Craniopharyngioma is a benign congenital tumor that occurs in the remnants of the craniopharyngeal duct during embryonic period, accounting for about 4% of intracranial tumors, and can be classified into intra-saddle type, supra-saddle type, intra-saddle-supra-saddle type and intraventricular type according to the relationship between the tumor and the saddle septum.
For supra-saddle-ventricular craniopharyngioma, the classical surgical approaches are mostly considered as transfrontal inferior approach and trans-pterygoid approach. With the development of microneurosurgical techniques, neuroimaging, neuroendoscopy, and microsurgical instruments, the supraorbital approach was first described by Jane in 1982, and the anatomical study of the supraorbital foraminal approach was reported in detail by Perneczky in 1995 [1], making supraorbital foraminal microneurosurgery a new attempt in the surgical treatment of saddle lesions.

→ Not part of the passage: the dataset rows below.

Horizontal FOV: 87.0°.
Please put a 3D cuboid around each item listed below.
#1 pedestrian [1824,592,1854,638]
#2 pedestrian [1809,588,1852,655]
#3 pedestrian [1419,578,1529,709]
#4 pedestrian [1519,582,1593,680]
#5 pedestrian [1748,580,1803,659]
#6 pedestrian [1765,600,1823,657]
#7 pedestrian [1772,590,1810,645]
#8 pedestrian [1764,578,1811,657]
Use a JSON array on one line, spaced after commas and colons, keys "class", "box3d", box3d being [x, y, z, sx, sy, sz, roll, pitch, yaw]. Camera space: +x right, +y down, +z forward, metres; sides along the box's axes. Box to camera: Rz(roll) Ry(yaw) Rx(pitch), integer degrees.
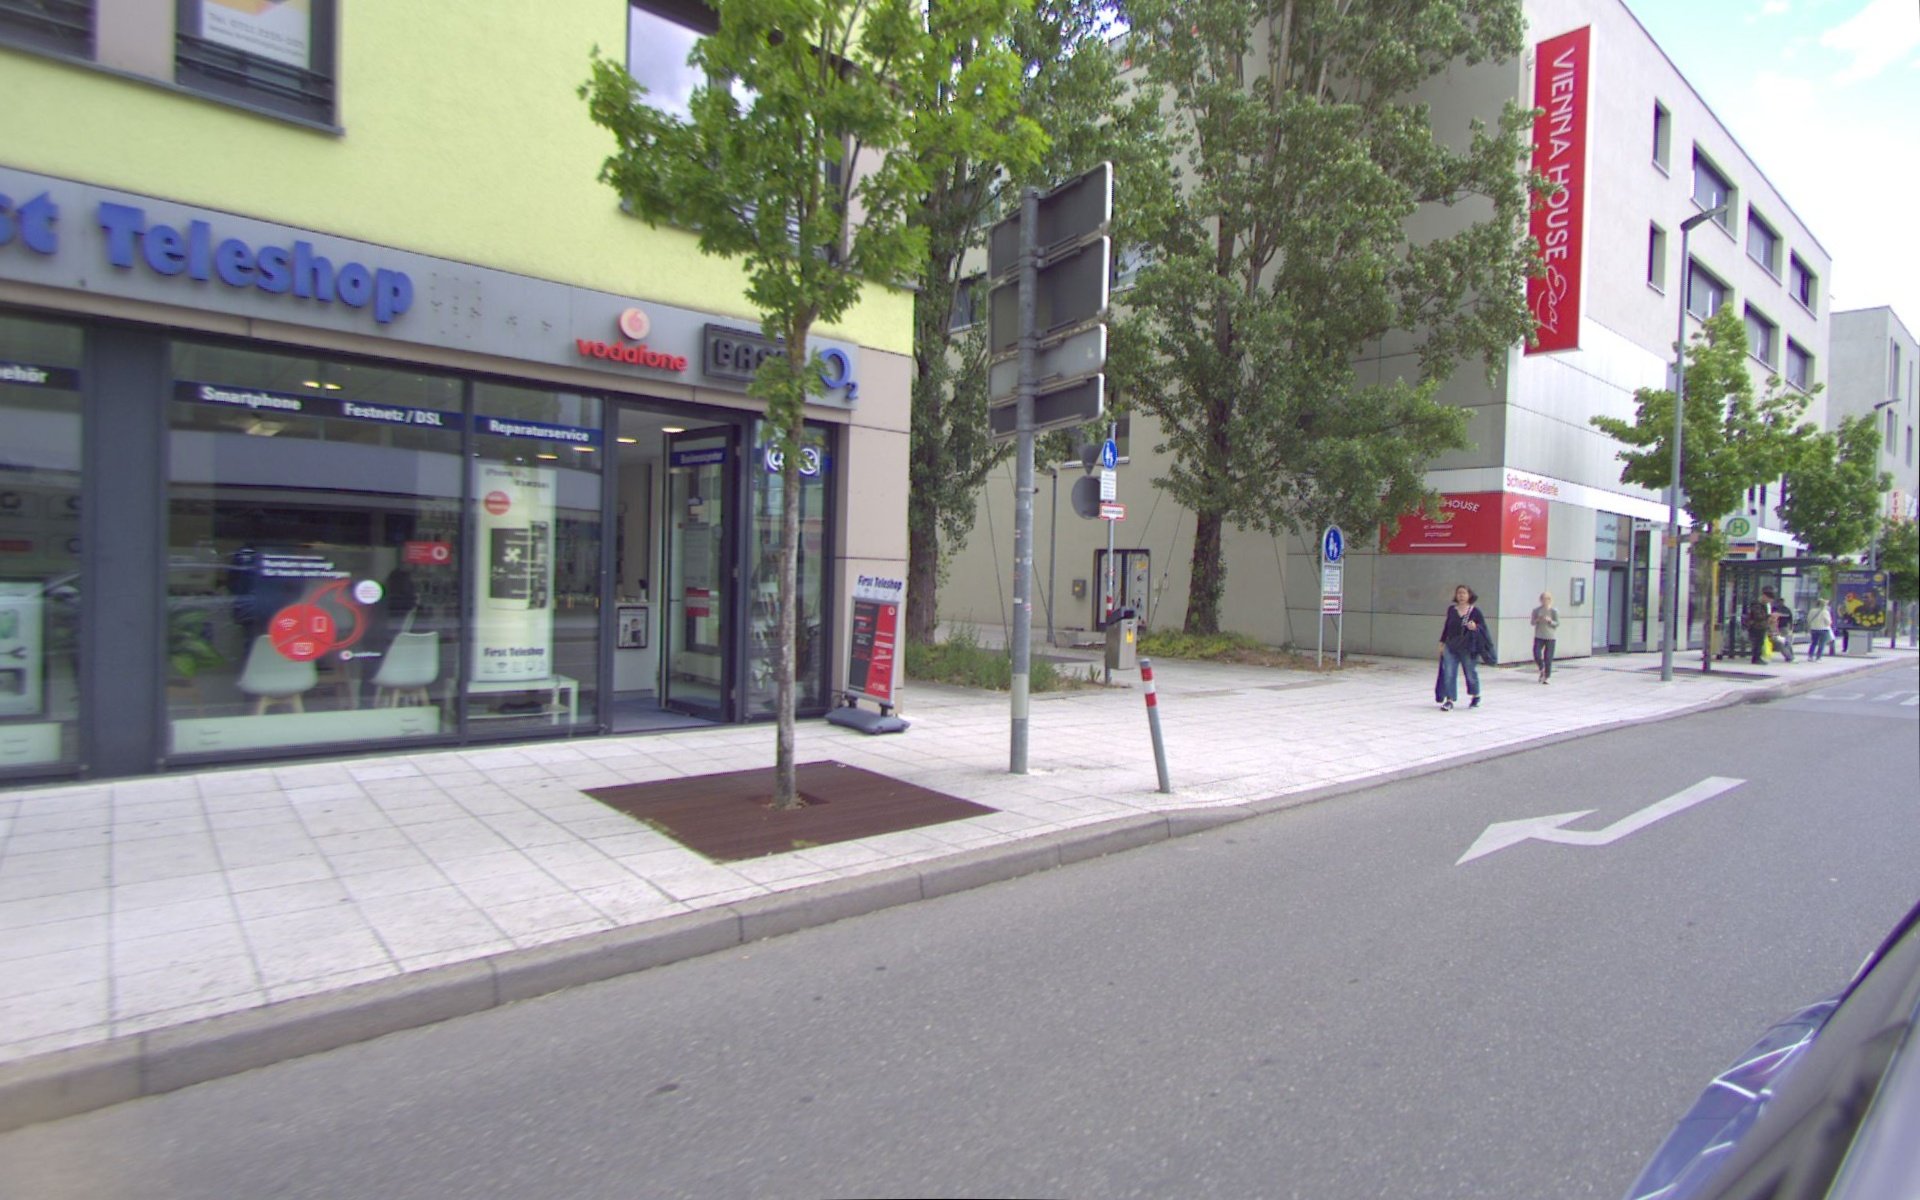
[{"class": "pedestrian", "box3d": [33.119, 0.574, 38.139, 0.603, 1.690, 0.746, 1, 1, -40]}, {"class": "pedestrian", "box3d": [21.519, 0.521, 25.010, 0.719, 1.610, 0.581, 1, 2, -35]}, {"class": "pedestrian", "box3d": [6.688, 0.528, 13.176, 0.998, 1.603, 0.949, 0, 1, -41]}, {"class": "pedestrian", "box3d": [10.283, 0.512, 17.468, 0.790, 1.603, 0.870, 0, 1, -41]}, {"class": "pedestrian", "box3d": [18.354, 0.430, 22.781, 0.719, 1.704, 0.723, 1, 2, -35]}, {"class": "pedestrian", "box3d": [20.056, 0.666, 24.350, 0.720, 1.274, 0.944, 0, 2, -43]}, {"class": "pedestrian", "box3d": [24.946, 0.514, 30.381, 0.702, 1.628, 0.742, 1, 1, -40]}, {"class": "pedestrian", "box3d": [19.393, 0.397, 23.718, 0.840, 1.791, 0.581, 1, 2, -35]}]
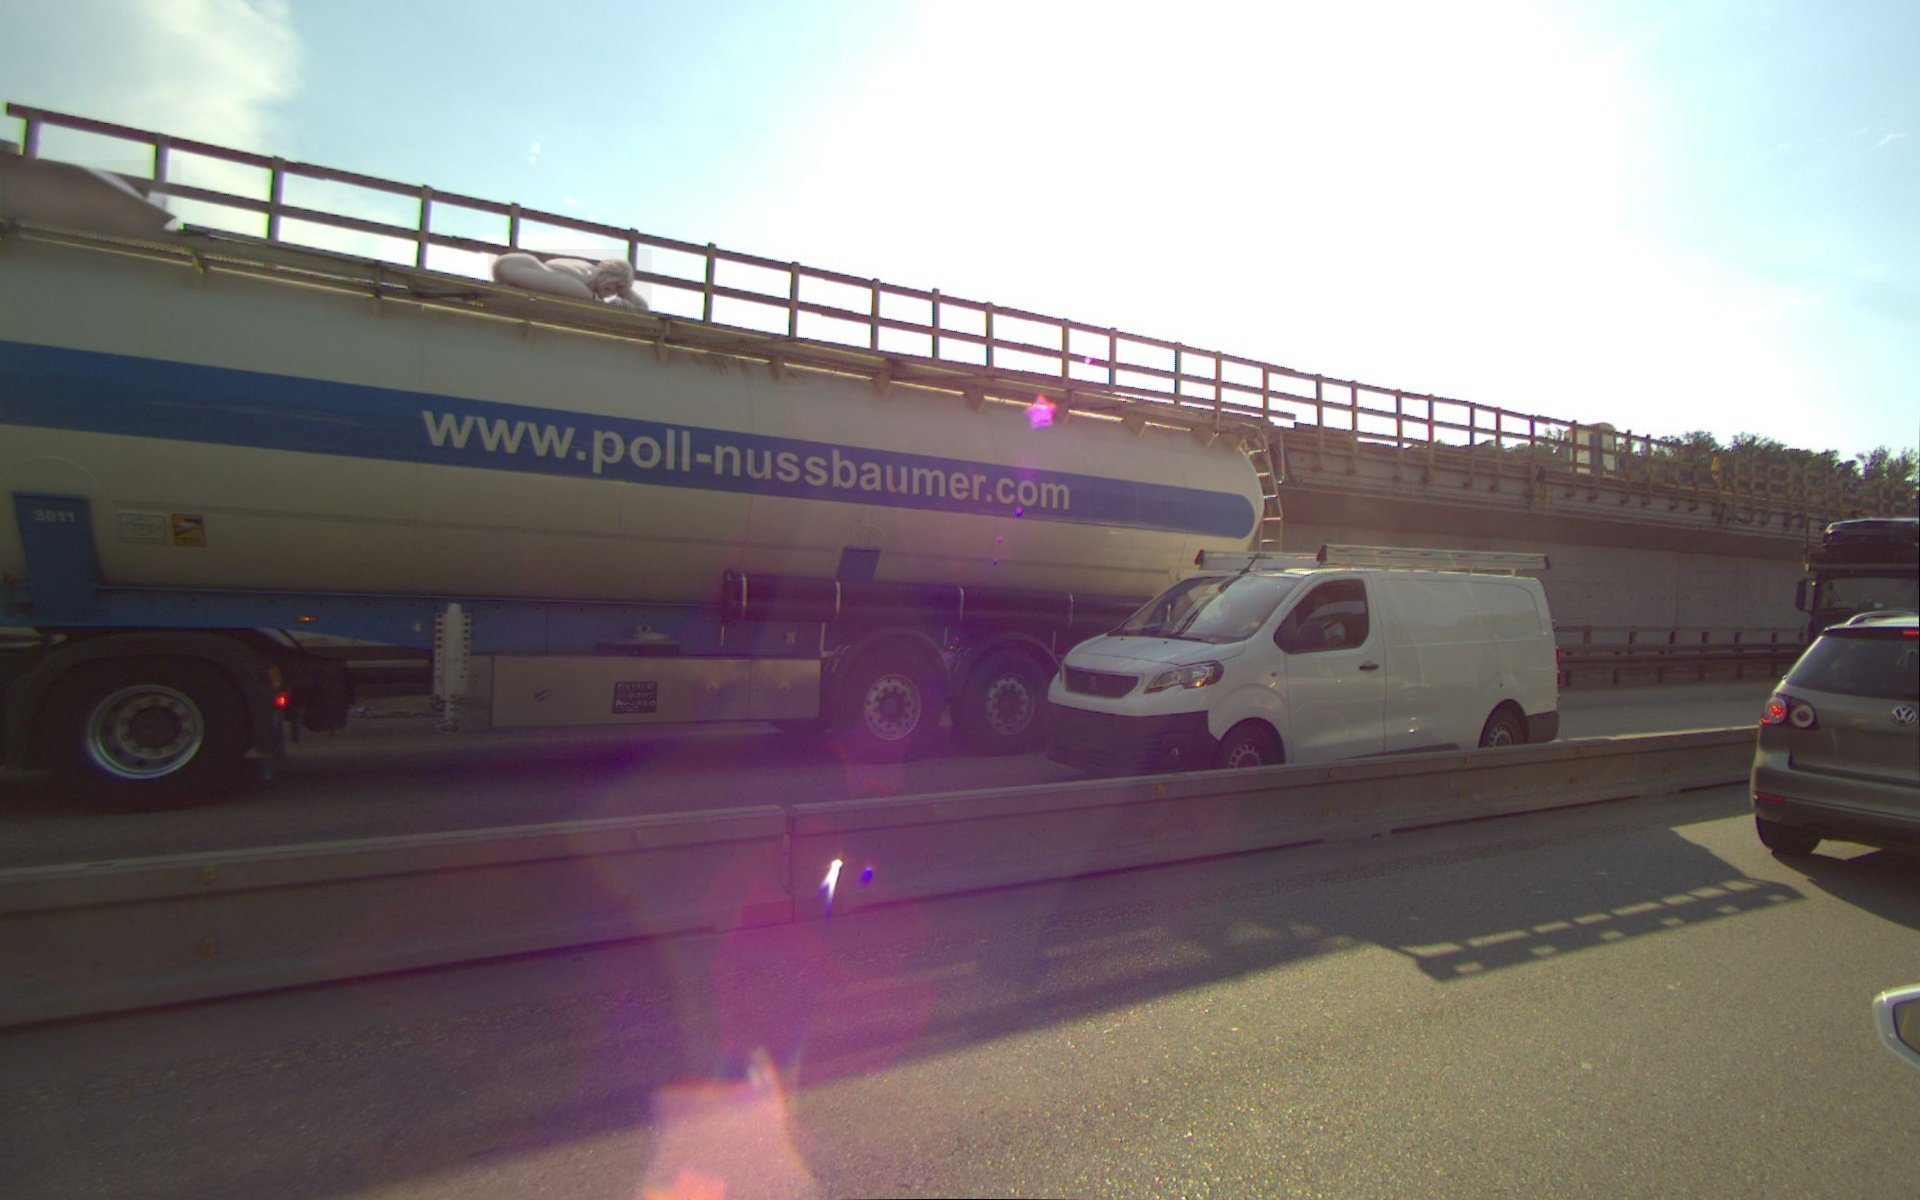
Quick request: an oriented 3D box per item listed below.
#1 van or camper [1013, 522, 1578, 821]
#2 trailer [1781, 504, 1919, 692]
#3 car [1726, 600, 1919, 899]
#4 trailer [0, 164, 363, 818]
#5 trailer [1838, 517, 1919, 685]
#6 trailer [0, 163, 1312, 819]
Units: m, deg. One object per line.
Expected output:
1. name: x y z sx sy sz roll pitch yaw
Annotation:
1. van or camper: 3.172 0.537 9.008 5.236 2.040 1.848 2 0 -32
2. trailer: 23.348 0.028 24.502 7.123 4.084 2.758 2 0 -30
3. car: 6.979 0.877 6.567 4.222 1.609 1.672 2 -1 -31
4. trailer: -7.582 -0.697 6.429 6.355 3.902 2.639 2 0 -31
5. trailer: 29.887 0.220 28.426 15.579 4.084 2.758 2 0 -31
6. trailer: -2.231 -0.540 9.626 13.289 3.902 2.639 2 0 -31

Compared with the traditional transcranial approach, the supraorbital foramen approach adopts the lowest brow arch incision in the frontal region, which is closer to the base of the skull, allowing the evacuation of cerebrospinal fluid from the brain pool and opening up the naturally existing anatomical gaps in the skull, reducing the chance of frontal and temporal lobe strain and olfactory bundle injury.
If the tumor is only confined to the suprasellar area, the bone window can be adjusted to the medial side by using the inferior transcranial surgical route;
If the tumor grows mostly to the saddle, the incision can be extended outward selectively, and the lateral fissure can be opened to expose the second and third interstices as needed, so as to achieve the effect of miniaturized pterygoid approach, which can satisfactorily reach the saddle area and obtain the base of the frontal lobe, the medial part of the lateral fissure, the near midline area of the temporal lobe, the anterior bed process, the pterygoid crest, the orbital apex, the optic canal, the bilateral optic nerves, the internal carotid artery and its branches, the pituitary stalk, the septum and the posterior bed process. It is suitable for tumors in the saddle area, pterygoid crest, orbital apex, etc., but not for cases with large infiltrating tumors requiring skull base reconstruction.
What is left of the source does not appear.